Rather fortunately for the mercenaries, the High Port wasn’t the kind of place where a heavily armed thug carrying an unconscious man across his shoulders gained more than a few speculative looks. Jocasta kept her fusion beamer unslung to dissuade any more serious curiosity, though the Black Lady knew what would happen if she fired it inside a pressurized tin can like this. Something that rhymed with sexplosive recompression she thought with a whimsical grin.

The hangar bay wasn’t far from the main elevator trunk. An expensive birth for a trader but hardly bank breaking for an outfit the size of the White Sharks. Or the size the White Sharks had been before a number of their members took retirement with extreme prejudice at any rate. She didn’t doubt that Markus was right that military grade weaponry would see off the hoard of bounty hunters who had been loosed on them, but they were likely to have taken so many casualties that the White Sharks as a group might never recover.

“Here we are,” Jocasta announced entering the code she had swiped from the computer terminal at the rendezvous. The hanger door opened to reveal the cavernous bay beyond. A Suytnet 22 armored transport squatted in the middle of the hanger like an angry toad, it’s body boxy with protruding sensor packages and weapon hard points. Fuel hoses and data lines had already been unhooked and lay in coiled heaps beside the big ship.

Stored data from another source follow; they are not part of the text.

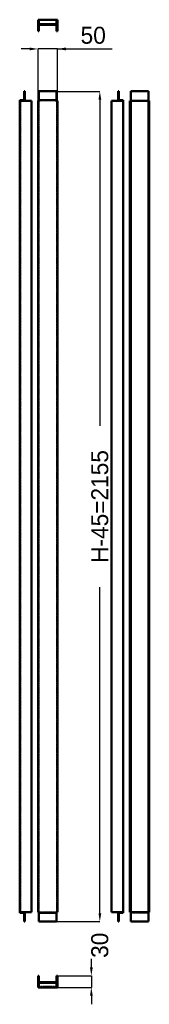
# Model space of a CAD drawing. Header units: millimetres. Extents: x 0 to 335, y -44 to 2511.
import ezdxf

# ---------------------------------------------------------------- set-up
doc = ezdxf.new("R2010")
doc.units = ezdxf.units.MM
doc.linetypes.add('Dashed', pattern=[2, 1, -1])
for name, color, linetype, lineweight in [('AM_0', 7, 'Continuous', 50), ('AM_5', 3, 'Continuous', 25), ('AM_9', 6, 'Dashed', 25)]:
    doc.layers.add(name, color=color, linetype=linetype, lineweight=lineweight)
doc.dimstyles.new('ISO-25', dxfattribs={"dimtxt": 2.5, "dimasz": 2.5, "dimexe": 1.25, "dimexo": 0.625, "dimtad": 1, "dimtxsty": 'Standard', "dimcen": 2.5, "dimadec": 0, "dimazin": 0, "dimtfac": 1, "dimtmove": 0, "dimatfit": 3, "dimfxl": 1, "dimarcsym": 0})

# ---------------------------------------------------------------- blocks, each defined once
blk = doc.blocks.new('1_HP2200_0__0_in_HP2200_0__1300')
at = {"layer": 'AM_0'}
for p, q in [((47.32, 30), (47.32, 0)), ((49.32, 30), (47.32, 30)), ((49.32, 2), (49.32, 30)), ((95.32, 30), (95.32, 2)), ((97.32, 30), (95.32, 30)), ((97.32, 0), (97.32, 30)), ((47.32, 3), (49.32, 3)), ((47.32, 0), (97.32, 0)), ((50.32, 2), (49.32, 2)), ((49.37, 13.5), (49.37, 2)), ((95.27, 13.5), (49.37, 13.5)), ((95.27, 11.5), (49.37, 11.5)), ((50.32, 2), (50.32, 0)), ((95.32, 2), (94.32, 2)), ((94.32, 2), (94.32, 0)), ((95.27, 13.5), (95.27, 2)), ((95.32, 3), (97.32, 3))]:
    blk.add_line(p, q, dxfattribs=at)
at = {"layer": 'AM_9'}
blk.add_line((94.32, 2), (50.32, 2), dxfattribs=at)
blk = doc.blocks.new('2_HP2200_0__0_in_HP2200_0__1300')
at = {"layer": 'AM_0'}
for p, q in [((13.5, 2325.52), (11.5, 2325.52)), ((11.5, 2325.52), (11.5, 2302.52)), ((13.5, 2300.52), (13.5, 2325.52)), ((11.5, 2302.52), (0, 2302.52)), ((0, 2302.52), (0, 193.52)), ((2, 2299.52), (2, 2302.52)), ((2, 2300.52), (30, 2300.52)), ((3, 2300.52), (3, 2299.52)), ((30, 2300.52), (30, 195.52)), ((0, 2299.52), (3, 2299.52)), ((0, 196.52), (3, 196.52)), ((0, 193.52), (11.5, 193.52)), ((2, 193.52), (2, 196.52)), ((30, 195.52), (2, 195.52)), ((3, 196.52), (3, 195.52)), ((11.5, 193.52), (11.5, 170.52)), ((13.5, 170.52), (13.5, 195.52)), ((11.5, 170.52), (13.5, 170.52))]:
    blk.add_line(p, q, dxfattribs=at)
at = {"layer": 'AM_9'}
blk.add_line((2, 2299.52), (2, 196.52), dxfattribs=at)
blk = doc.blocks.new('3_HP2200_0__0_in_HP2200_0__1300')
at = {"layer": 'AM_0'}
for p, q in [((49.37, 2325.52), (49.37, 2300.52)), ((95.27, 2325.52), (49.37, 2325.52)), ((95.27, 2325.52), (95.27, 2300.52)), ((47.32, 2300.52), (49.32, 2300.52)), ((47.32, 2300.52), (47.32, 195.52)), ((49.32, 2300.52), (49.32, 2299.52)), ((95.27, 2302.52), (49.37, 2302.52)), ((50.32, 2300.52), (49.37, 2300.52)), ((50.32, 2302.52), (50.32, 2299.52)), ((94.32, 2302.52), (94.32, 2299.52)), ((95.27, 2300.52), (94.32, 2300.52)), ((95.32, 2300.52), (95.32, 2299.52)), ((95.32, 2300.52), (97.32, 2300.52)), ((97.32, 2300.52), (97.32, 195.52)), ((47.32, 2299.52), (50.32, 2299.52)), ((94.32, 2299.52), (97.32, 2299.52)), ((47.32, 196.52), (50.32, 196.52)), ((47.32, 195.52), (49.32, 195.52)), ((49.32, 196.52), (49.32, 195.52)), ((49.37, 195.52), (49.37, 170.52)), ((50.32, 195.52), (49.37, 195.52)), ((95.27, 193.52), (49.37, 193.52)), ((50.32, 196.52), (50.32, 193.52)), ((94.32, 196.52), (97.32, 196.52)), ((94.32, 196.52), (94.32, 193.52)), ((95.27, 195.52), (94.32, 195.52)), ((95.27, 195.52), (95.27, 170.52)), ((95.32, 196.52), (95.32, 195.52)), ((95.32, 195.52), (97.32, 195.52)), ((95.27, 170.52), (49.37, 170.52))]:
    blk.add_line(p, q, dxfattribs=at)
at = {"layer": 'AM_9'}
for p, q in [((94.32, 2300.52), (50.32, 2300.52)), ((49.32, 2299.52), (49.32, 196.52)), ((95.32, 2299.52), (95.32, 196.52)), ((94.32, 195.52), (50.32, 195.52))]:
    blk.add_line(p, q, dxfattribs=at)
blk = doc.blocks.new('4_HP2200_0__0_in_HP2200_0__1300')
at = {"layer": 'AM_0'}
for p, q in [((254.34, 2325.52), (256.34, 2325.52)), ((254.34, 2300.52), (254.34, 2325.52)), ((256.34, 2325.52), (256.34, 2302.52)), ((265.84, 2300.52), (237.84, 2300.52)), ((237.84, 2300.52), (237.84, 195.52)), ((256.34, 2302.52), (267.84, 2302.52)), ((264.84, 2300.52), (264.84, 2299.52)), ((265.84, 2299.52), (265.84, 2302.52)), ((267.84, 2302.52), (267.84, 193.52)), ((264.84, 2299.52), (267.84, 2299.52)), ((237.84, 195.52), (265.84, 195.52)), ((254.34, 170.52), (254.34, 195.52)), ((267.84, 193.52), (256.34, 193.52)), ((256.34, 193.52), (256.34, 170.52)), ((264.84, 196.52), (264.84, 195.52)), ((264.84, 196.52), (267.84, 196.52)), ((265.84, 193.52), (265.84, 196.52)), ((256.34, 170.52), (254.34, 170.52))]:
    blk.add_line(p, q, dxfattribs=at)
at = {"layer": 'AM_9'}
blk.add_line((265.84, 2299.52), (265.84, 196.52), dxfattribs=at)
blk = doc.blocks.new('5_HP2200_0__0_in_HP2200_0__1300')
at = {"layer": 'AM_0'}
for p, q in [((287.21, 2325.52), (333.11, 2325.52)), ((287.21, 2300.52), (287.21, 2325.52)), ((333.11, 2300.52), (333.11, 2325.52)), ((285.16, 2300.52), (287.16, 2300.52)), ((285.16, 2300.52), (285.16, 195.52)), ((287.16, 2300.52), (287.16, 195.52)), ((287.21, 2300.52), (333.11, 2300.52)), ((288.16, 2299.52), (288.16, 2300.52)), ((332.16, 2299.52), (332.16, 2300.52)), ((333.16, 2300.52), (333.16, 195.52)), ((333.16, 2300.52), (335.16, 2300.52)), ((335.16, 2300.52), (335.16, 195.52)), ((287.16, 2299.52), (288.16, 2299.52)), ((332.16, 2299.52), (333.16, 2299.52)), ((285.16, 195.52), (287.16, 195.52)), ((287.16, 196.52), (288.16, 196.52)), ((287.21, 195.52), (333.11, 195.52)), ((287.21, 170.52), (287.21, 195.52)), ((288.16, 195.52), (288.16, 196.52)), ((332.16, 196.52), (333.16, 196.52)), ((332.16, 195.52), (332.16, 196.52)), ((333.11, 170.52), (333.11, 195.52)), ((333.16, 195.52), (335.16, 195.52)), ((287.21, 170.52), (333.11, 170.52))]:
    blk.add_line(p, q, dxfattribs=at)
at = {"layer": 'AM_9'}
for p, q in [((287.21, 2302.52), (333.11, 2302.52)), ((288.16, 2300.52), (288.16, 2302.52)), ((332.16, 2300.52), (332.16, 2302.52)), ((285.16, 2299.52), (287.16, 2299.52)), ((333.16, 2299.52), (335.16, 2299.52)), ((285.16, 196.52), (287.16, 196.52)), ((287.21, 193.52), (333.11, 193.52)), ((288.16, 193.52), (288.16, 195.52)), ((332.16, 193.52), (332.16, 195.52)), ((333.16, 196.52), (335.16, 196.52))]:
    blk.add_line(p, q, dxfattribs=at)
blk = doc.blocks.new('6_HP2200_0__0_in_HP2200_0__1300')
at = {"layer": 'AM_0'}
for p, q in [((47.32, 2511.44), (97.32, 2511.44)), ((47.32, 2481.44), (47.32, 2511.44)), ((47.32, 2508.44), (49.32, 2508.44)), ((50.32, 2509.44), (49.32, 2509.44)), ((49.32, 2509.44), (49.32, 2481.44)), ((49.37, 2509.44), (49.37, 2497.94)), ((50.32, 2511.44), (50.32, 2509.44)), ((94.32, 2511.44), (94.32, 2509.44)), ((95.32, 2509.44), (94.32, 2509.44)), ((95.27, 2509.44), (95.27, 2497.94)), ((95.32, 2481.44), (95.32, 2509.44)), ((95.32, 2508.44), (97.32, 2508.44)), ((97.32, 2511.44), (97.32, 2481.44)), ((49.32, 2481.44), (47.32, 2481.44)), ((95.27, 2499.94), (49.37, 2499.94)), ((95.27, 2497.94), (49.37, 2497.94)), ((97.32, 2481.44), (95.32, 2481.44))]:
    blk.add_line(p, q, dxfattribs=at)
at = {"layer": 'AM_9'}
blk.add_line((94.32, 2509.44), (50.32, 2509.44), dxfattribs=at)
blk = doc.blocks.new('*D7')
at = {"layer": 'AM_5', "color": 0, "lineweight": -2}
for p, q in [((185.3, 52), (185.3, 74)), ((97.3, 30), (185.3, 30)), ((185.3, 30), (185.3, 0)), ((94.3, 0), (185.3, 0)), ((185.3, -22), (185.3, -44))]:
    blk.add_line(p, q, dxfattribs=at)
at = {"layer": 'AM_5', "color": 0}
for points in [[(181.7, 52), (189, 52), (185.3, 30)], [(189, -22), (181.7, -22), (185.3, 0)]]:
    blk.add_solid(points, dxfattribs=at)
at = {"layer": 'Defpoints', "color": 0}
for p in [(97.3, 30), (94.3, 0), (185.3, 0)]:
    blk.add_point(p, dxfattribs=at)
at = {"layer": 'AM_5', "color": 0, "insert": (207.3, 109.2), "char_height": 44, "attachment_point": 5, "rotation": 90}
blk.add_mtext('30', dxfattribs=at)
blk = doc.blocks.new('*D8')
at = {"layer": 'AM_5', "color": 0, "lineweight": -2}
for p, q in [((25.3, 2435.5), (3.3, 2435.5)), ((47.3, 2300.5), (47.3, 2435.5)), ((97.3, 2435.5), (47.3, 2435.5)), ((97.3, 2300.5), (97.3, 2435.5)), ((97.3, 2435.5), (239, 2435.5)), ((119.3, 2435.5), (141.3, 2435.5))]:
    blk.add_line(p, q, dxfattribs=at)
at = {"layer": 'AM_5', "color": 0}
for points in [[(25.3, 2431.9), (25.3, 2439.2), (47.3, 2435.5)], [(119.3, 2439.2), (119.3, 2431.9), (97.3, 2435.5)]]:
    blk.add_solid(points, dxfattribs=at)
at = {"layer": 'Defpoints', "color": 0}
for p in [(47.3, 2413.5), (47.3, 2300.5), (97.3, 2300.5)]:
    blk.add_point(p, dxfattribs=at)
at = {"layer": 'AM_5', "color": 0, "insert": (190.1, 2470.7), "char_height": 44, "attachment_point": 5}
blk.add_mtext('50', dxfattribs=at)
blk = doc.blocks.new('*D9')
at = {"layer": 'AM_5', "color": 0, "lineweight": -2}
for p, q in [((90.3, 2325.5), (207.3, 2325.5)), ((207.3, 2303.5), (207.3, 1457.1)), ((207.3, 192.5), (207.3, 1038.9)), ((90.3, 170.5), (207.3, 170.5))]:
    blk.add_line(p, q, dxfattribs=at)
at = {"layer": 'AM_5', "color": 0}
for points in [[(211, 2303.5), (203.7, 2303.5), (207.3, 2325.5)], [(203.7, 192.5), (211, 192.5), (207.3, 170.5)]]:
    blk.add_solid(points, dxfattribs=at)
at = {"layer": 'Defpoints', "color": 0}
for p in [(90.3, 2325.5), (90.3, 170.5), (185.3, 170.5)]:
    blk.add_point(p, dxfattribs=at)
at = {"layer": 'AM_5', "color": 0, "insert": (207.3, 1248), "char_height": 44, "attachment_point": 5, "rotation": 90}
blk.add_mtext('H-45=2155', dxfattribs=at)

msp = doc.modelspace()

# ---------------------------------------------------------------- block references
for name in ['6_HP2200_0__0_in_HP2200_0__1300', '2_HP2200_0__0_in_HP2200_0__1300', '3_HP2200_0__0_in_HP2200_0__1300', '4_HP2200_0__0_in_HP2200_0__1300', '5_HP2200_0__0_in_HP2200_0__1300', '1_HP2200_0__0_in_HP2200_0__1300']:
    msp.add_blockref(name, (0, 0))

# ---------------------------------------------------------------- dimensions: what is measured, and where the dimension line sits
at = {"layer": 'AM_5'}
dim = msp.add_linear_dim(base=(47.32, 2435.52), p1=(97.32, 2300.52), p2=(47.32, 2300.52), text='50', dimstyle='ISO-25', override={"dimtxt": 44, "dimasz": 22, "dimexe": 0, "dimexo": 0, "dimgap": 13.2}, dxfattribs=at)
dim.commit()
dim.dimension.update_dxf_attribs({"geometry": '*D8', "text_midpoint": (190.139, 2435.52), "dimtype": 160})
for base, p1, p2, text, picture, middle in [((207.32, 170.52), (90.32, 2325.52), (90.32, 170.52), 'H-45=2155', '*D9', (207.32, 1248.02)), ((185.32, 0), (97.32, 30), (94.32, 0), '30', '*D7', (207.32, 109.2))]:
    dim = msp.add_linear_dim(base=base, p1=p1, p2=p2, angle=90, text=text, dimstyle='ISO-25', override={"dimtxt": 44, "dimasz": 22, "dimexe": 0, "dimexo": 0, "dimgap": 13.2}, dxfattribs=at)
    dim.commit()
    dim.dimension.update_dxf_attribs({"geometry": picture, "text_midpoint": middle, "dimtype": 160, "text_rotation": 90})

doc.saveas('drawing.dxf')

“Crew must already be aboard,” Markus observed. Jocasta nodded and they hurried across the deck to the ship. The temperature declined rapidly as they got closer, an artifact of the leakage all such bays had to the deep space beyond. They hurried up the ramp and Markus gratefully dumped the groaning form of their prisoner into one of the jump seats and knotted him in place with the restraint harness. Jocasta moved forward to look into the cockpit.

“There is no one here,” she called back.

“Oh I wouldn’t say that,” a voice hissed from the darkness. Something heavy fell on her from above. Jocasta managed to get her arms up to deflect a blow at her head. Pain tore at her but she rotated away from the blow, aiming a snap kick at the ribs of her assailant that drove them into the wall. She swung her fusion beamer up but the attacker kicked it up, then caught her wrist and twisted, the weapon clattered to the deck, mercifully not firing and cutting her in half. She charged at her attacker, deflected a blow at her midsection and then cracked him across the jaw with her elbow. Her arms burned and she could taste blood. Markus was shouting behind her but she couldn’t make anything out over the ringing in her ears.

“You!” she gasped, recognizing the snake mutant from the bar.

“You should have taken my advice,” the snake said, drawing back fangs from a bloodied mouth.

“Maybe next time,” Jocasta allowed and pulled her pistol from its holster. The movement seemed slow and suddenly the weapon seemed very heavy. She frowned and looked down at her arm. Two neat puncture wounds had appeared just above her wrist.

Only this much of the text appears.